The effort required to develop an Open Source generative AI model is quite considerable,’ confirms Michel-Marie. To train a model, you need (1) data, (2) computational resources and (3) talent.
For the LUCIE data, the community collected 3,000 billion words without using synthetic data or data from the Internet, in order to guarantee greater transparency and ethics, Michel-Marie adds:
" When you start to open the datasets (...), you realise that there are many, many things that you would not like to see appear. In addition, you should know that all the models I've worked on today certainly contain personal data that belongs to you or works protected by copyright. "
In terms of computational resources, access to the Jean Zay supercomputer has enabled the model to be trained free of charge, thanks to partnerships with public bodies. The project currently uses 512 H100 cards in parallel, consuming around 700,000 GPU hours for training.
Michel-Marie explains :
" 45,000 for a card is a lot of money! That's why we've created an open community. This kind of community is of interest to everyone: the scientific, academic and research worlds. So we very quickly got in touch with the people in charge of national computing resources, including an entity called GENCI, and you've no doubt heard of this famous Jean Zay machine."

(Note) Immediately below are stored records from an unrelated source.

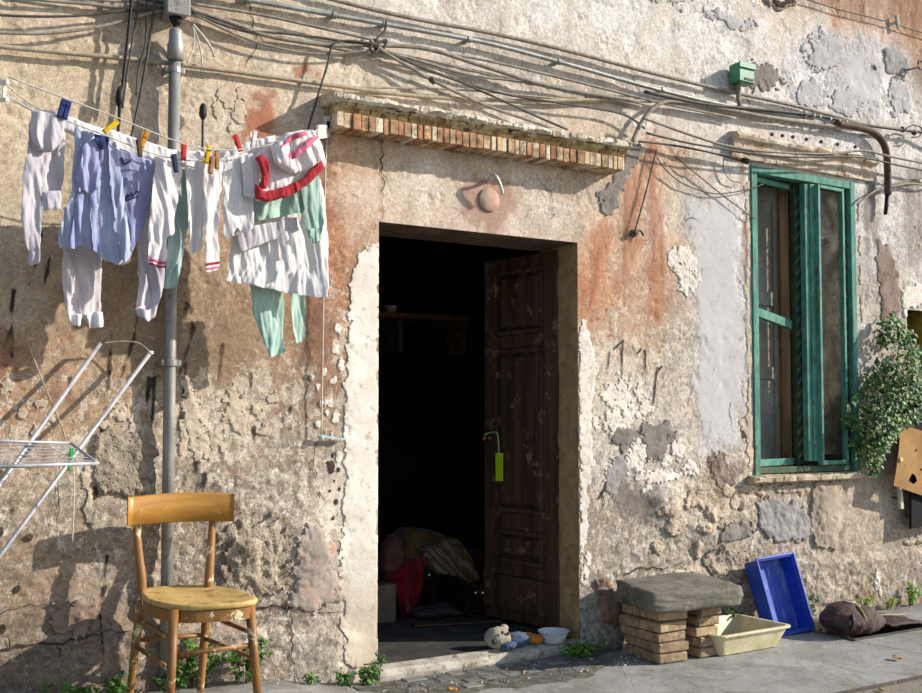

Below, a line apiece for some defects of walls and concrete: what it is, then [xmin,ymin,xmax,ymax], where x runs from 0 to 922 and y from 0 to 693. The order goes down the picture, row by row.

spalling [651,0,759,32]
spalling [750,25,865,118]
spalling [888,76,912,118]
crack [380,140,388,221]
spalling [596,140,642,216]
peeling [667,243,702,298]
peeling [305,243,379,668]
peeling [578,319,738,627]
peeling [904,534,922,546]
peeling [874,568,882,597]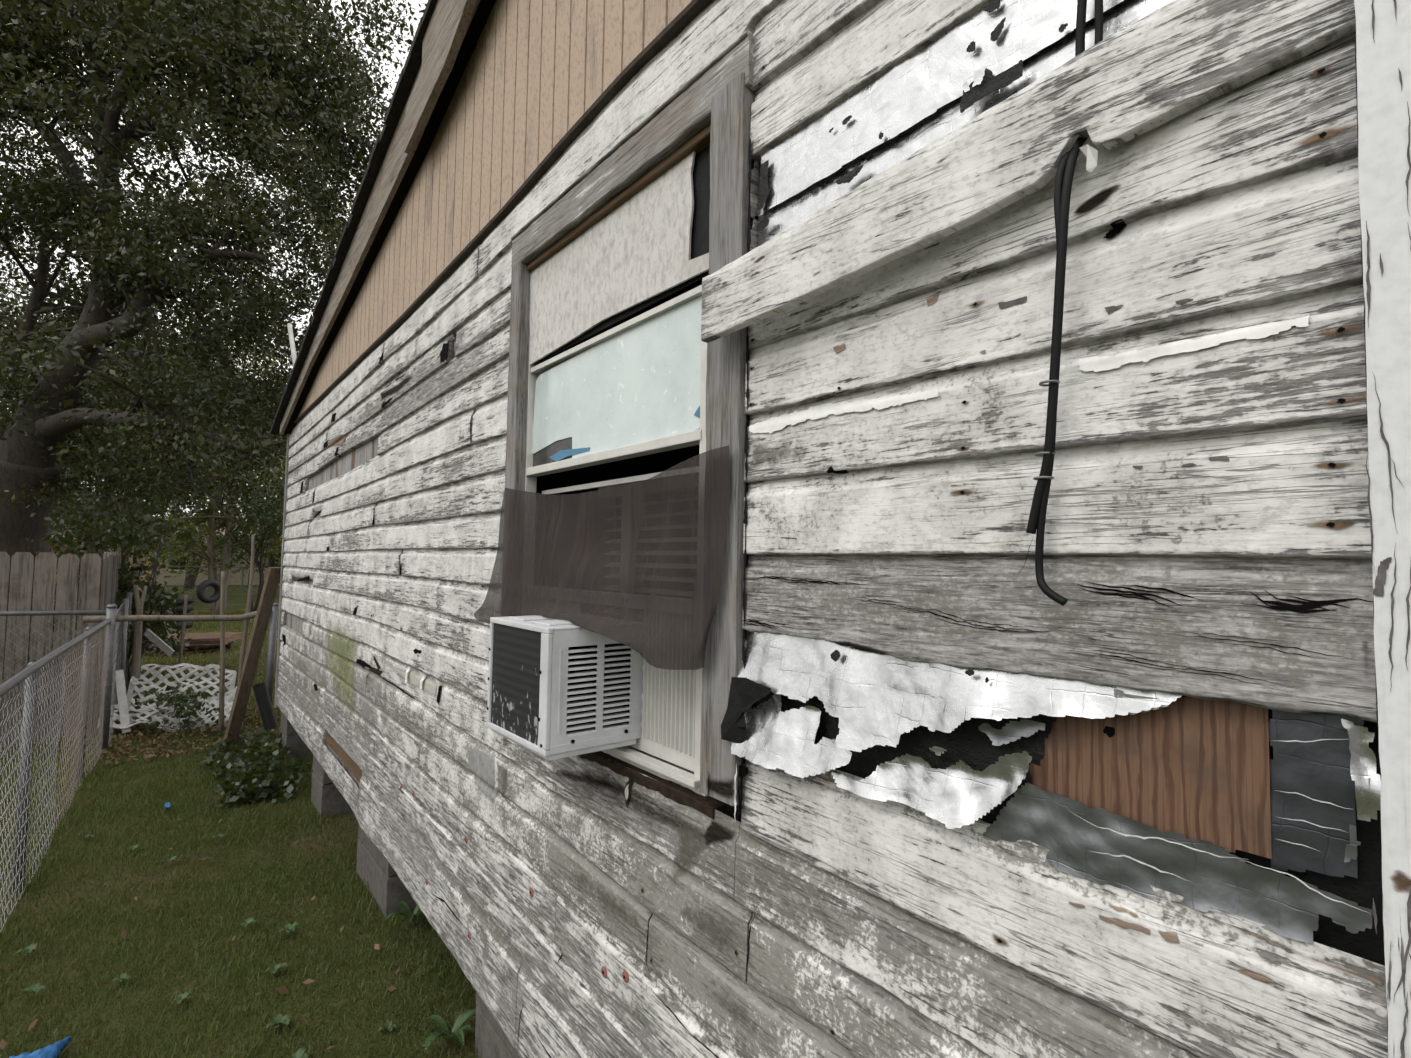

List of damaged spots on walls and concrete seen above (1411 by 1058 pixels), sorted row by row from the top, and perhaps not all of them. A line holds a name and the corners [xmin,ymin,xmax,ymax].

crack [1371,0,1397,43]
peeling [962,68,985,92]
peeling [1080,144,1098,172]
crack [1366,68,1411,328]
crack [743,372,1411,693]
peeling [1114,689,1169,715]
peeling [979,719,1045,746]
peeling [1099,905,1179,943]
peeling [1237,970,1276,983]
peeling [1312,958,1382,986]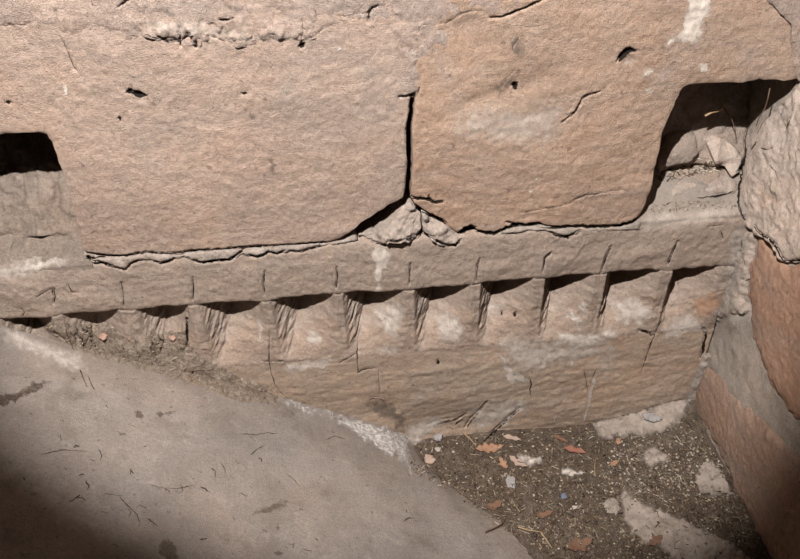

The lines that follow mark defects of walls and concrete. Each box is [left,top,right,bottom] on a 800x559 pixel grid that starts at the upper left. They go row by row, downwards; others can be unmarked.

crack [418,0,541,32]
damp [668,0,710,45]
crack [374,87,635,246]
crack [86,242,327,270]
damp [372,247,392,290]
crack [640,318,662,373]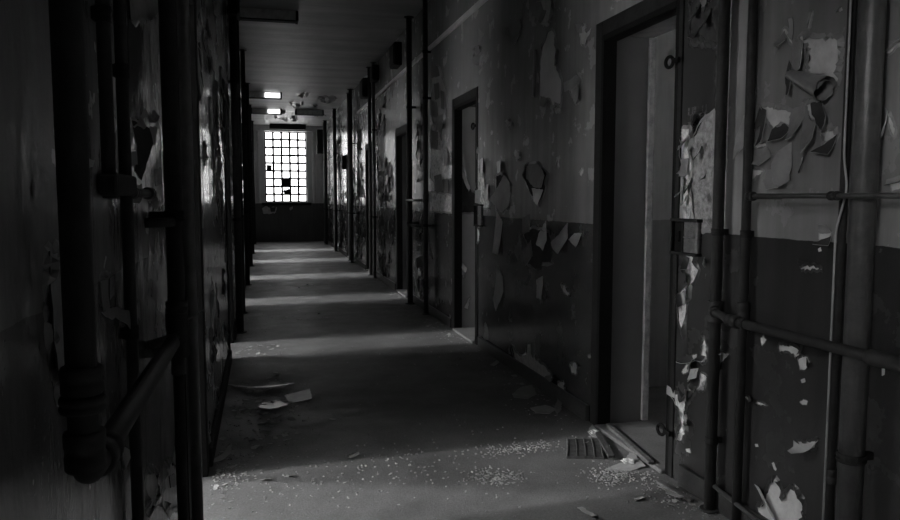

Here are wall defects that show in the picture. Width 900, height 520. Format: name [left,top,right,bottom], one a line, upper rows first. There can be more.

peeling [532,28,581,108]
peeling [733,17,845,190]
peeling [522,155,560,208]
peeling [674,108,715,234]
peeling [522,214,582,300]
peeling [675,256,705,341]
peeling [666,331,731,444]
peeling [777,342,812,383]
peeling [787,436,820,454]
peeling [754,462,807,520]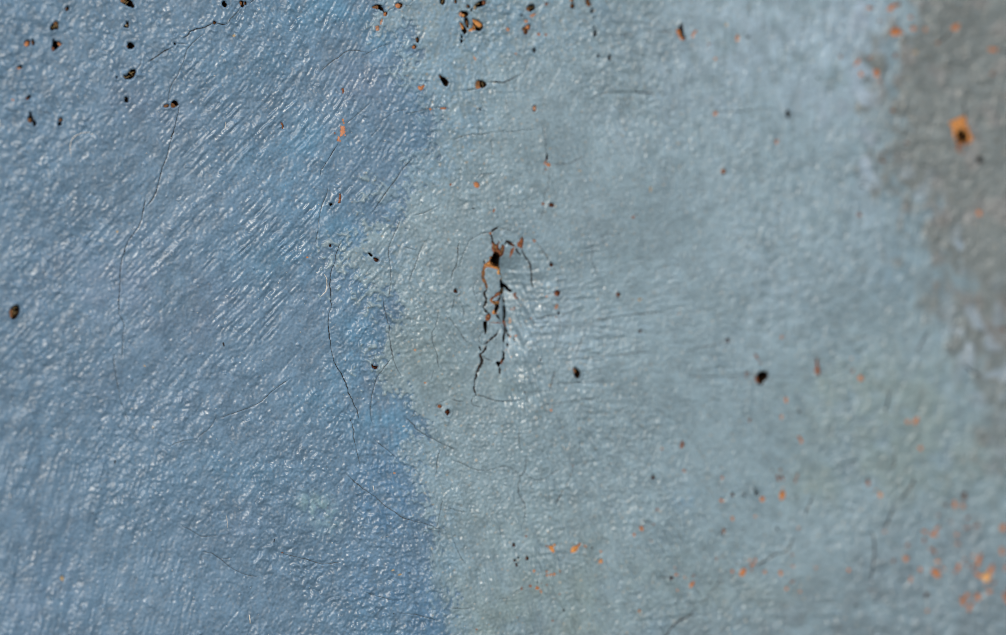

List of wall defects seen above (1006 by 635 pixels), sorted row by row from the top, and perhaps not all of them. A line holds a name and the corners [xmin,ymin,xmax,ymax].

Lastly, in terms of talent, France benefits from high-quality academic training in the field of AI, enabling it to mobilise a high-performance technical team with people from a variety of institutions:
" There are currently around thirty people training Lucie: ten from LINAGORA, and 20 others from research labs working with us (CEA, LORIA, IDRIS). One of the objectives of this community was to be able to broaden the field of expertise." Michel-Marie Maudet
LLM or SLM ?
In what situations would it make more sense to enrich the data in an LLM (Large Language Model) rather than use smaller models such as SLM (Small Language Model) or PLM (Personal Language Model)?
The strategy of specialised models, adopted in particular by OpenAI with its latest models, is booming in the AI industry. These smaller, customised models are recommended for customers, along with model hubs that allow several approaches to be tested for different use cases. However, training these models still presents many challenges, particularly related to data: user rights, biases, and gendered representation.
Michel-Marie :
" Typically, all of today's models use data from Wikipedia, which can be considered a reliable source, but overall, 90% of Wikipedia's content is either constructed or validated by men. So what do we do? How do we treat our data? "

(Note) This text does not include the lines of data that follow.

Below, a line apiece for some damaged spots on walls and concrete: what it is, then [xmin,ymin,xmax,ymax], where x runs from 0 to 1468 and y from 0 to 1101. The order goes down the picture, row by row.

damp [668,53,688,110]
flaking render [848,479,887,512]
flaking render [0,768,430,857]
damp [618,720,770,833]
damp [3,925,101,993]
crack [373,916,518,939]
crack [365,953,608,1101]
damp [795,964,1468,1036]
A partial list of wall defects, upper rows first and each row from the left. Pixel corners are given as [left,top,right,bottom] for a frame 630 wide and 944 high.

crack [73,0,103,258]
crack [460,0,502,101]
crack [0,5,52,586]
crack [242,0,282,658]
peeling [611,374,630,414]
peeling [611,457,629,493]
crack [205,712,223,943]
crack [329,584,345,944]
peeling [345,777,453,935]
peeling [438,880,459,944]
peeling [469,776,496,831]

These are unavoidable biases or ‘preferences’, often linked to data filtering choices. This is why Michel-Marie advises limiting the fine-tuning of models, as this is costly and complex to maintain. Solutions such as RAG (retrieval-augmented generation) are recommended for current use cases in local authorities. In addition, it should be emphasised that many tasks can still be carried out using symbolic AI or simple algorithms, without the need for sophisticated generative AI models.
How do you capture collective intelligence?

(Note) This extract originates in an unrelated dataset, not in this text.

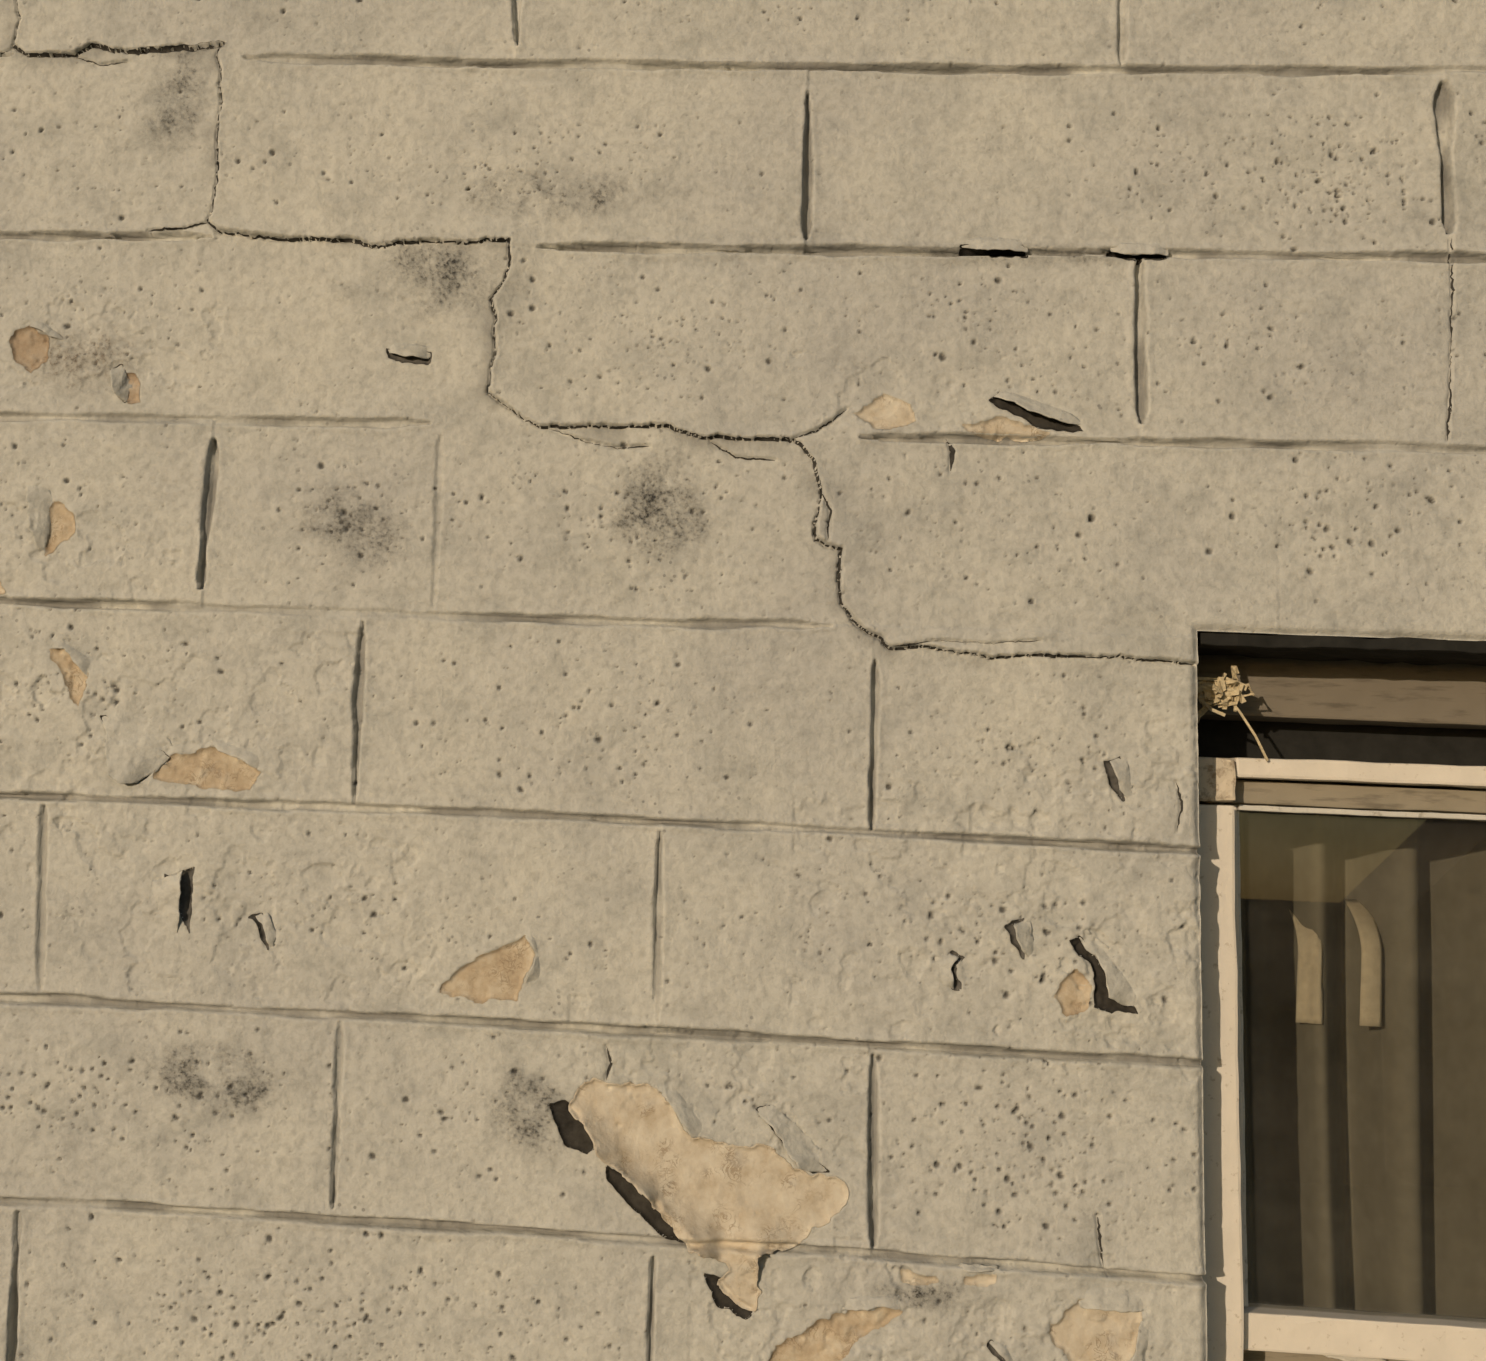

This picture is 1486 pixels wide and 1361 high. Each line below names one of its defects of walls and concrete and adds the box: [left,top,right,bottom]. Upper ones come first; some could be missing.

The first interesting use case: capitalising on collective intelligence during meetings. The aim is to develop tools capable of automatically recording, transcribing and summarising meetings, while enabling intelligent interaction with this content. A tool with multimodality, in other words, capable of interacting with content generated by voice rather than by keyboard, thus facilitating access to specific information, such as summaries of previous interventions.
On this subject, LINAGORA's Managing Director describes a number of concrete projects, such as theequipment of meeting rooms for the European Commission, and the disconnected and secure solutions developed for the French Ministry of the Armed Forces, which make it possible to record and interact with the summaries of sensitive meetings in secure environments. The idea is to better capitalise on collective intelligence and make it accessible in an efficient way over time.